ACTIVITY — In your copy, leave out the pictures and repeat the entries below exactly.

EXTRACTED RECORDS —

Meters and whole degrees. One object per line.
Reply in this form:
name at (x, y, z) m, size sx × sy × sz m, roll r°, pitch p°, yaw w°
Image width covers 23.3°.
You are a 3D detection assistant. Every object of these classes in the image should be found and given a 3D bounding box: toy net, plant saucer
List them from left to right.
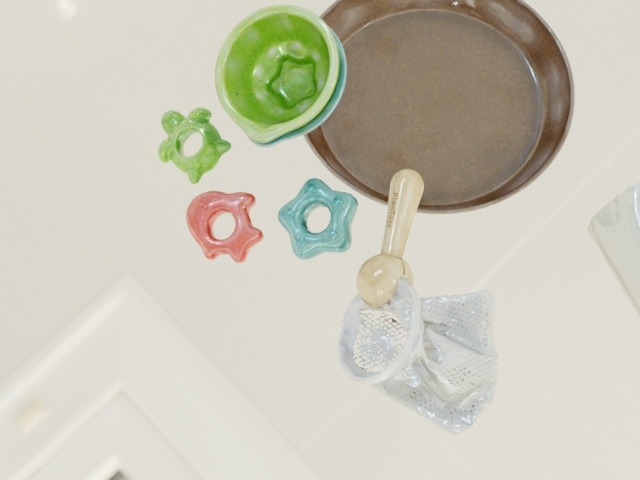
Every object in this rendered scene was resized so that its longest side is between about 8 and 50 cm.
toy net at (0.000, 0.000, 0.772) m, size 0.122 × 0.232 × 0.045 m, roll -33°, pitch 159°, yaw 10°
plant saucer at (0.067, -0.086, 0.935) m, size 0.168 × 0.168 × 0.029 m, roll -39°, pitch 161°, yaw -18°

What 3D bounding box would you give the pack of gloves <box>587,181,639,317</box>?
pack of gloves at (0.199, 0.032, 0.561) m, size 0.046 × 0.232 × 0.195 m, roll 0°, pitch 145°, yaw -40°

FINAL ANSWER —
Meters and whole degrees. One object per line.
Reply in this form:
name at (x, y, z) m, size sx × sy × sz m, roll r°, pitch p°, yaw w°
Image width covers 23.3°.
You are a 3D detection assistant. Every object of these classes in the image should be found and given a 3D bounding box: toy net, plant saucer
List them from left to right.
Every object in this rendered scene was resized so that its longest side is between about 8 and 50 cm.
toy net at (0.000, 0.000, 0.772) m, size 0.122 × 0.232 × 0.045 m, roll -33°, pitch 159°, yaw 10°
plant saucer at (0.067, -0.086, 0.935) m, size 0.168 × 0.168 × 0.029 m, roll -39°, pitch 161°, yaw -18°

What 3D bounding box would you give the pack of gloves <box>587,181,639,317</box>?
pack of gloves at (0.199, 0.032, 0.561) m, size 0.046 × 0.232 × 0.195 m, roll 0°, pitch 145°, yaw -40°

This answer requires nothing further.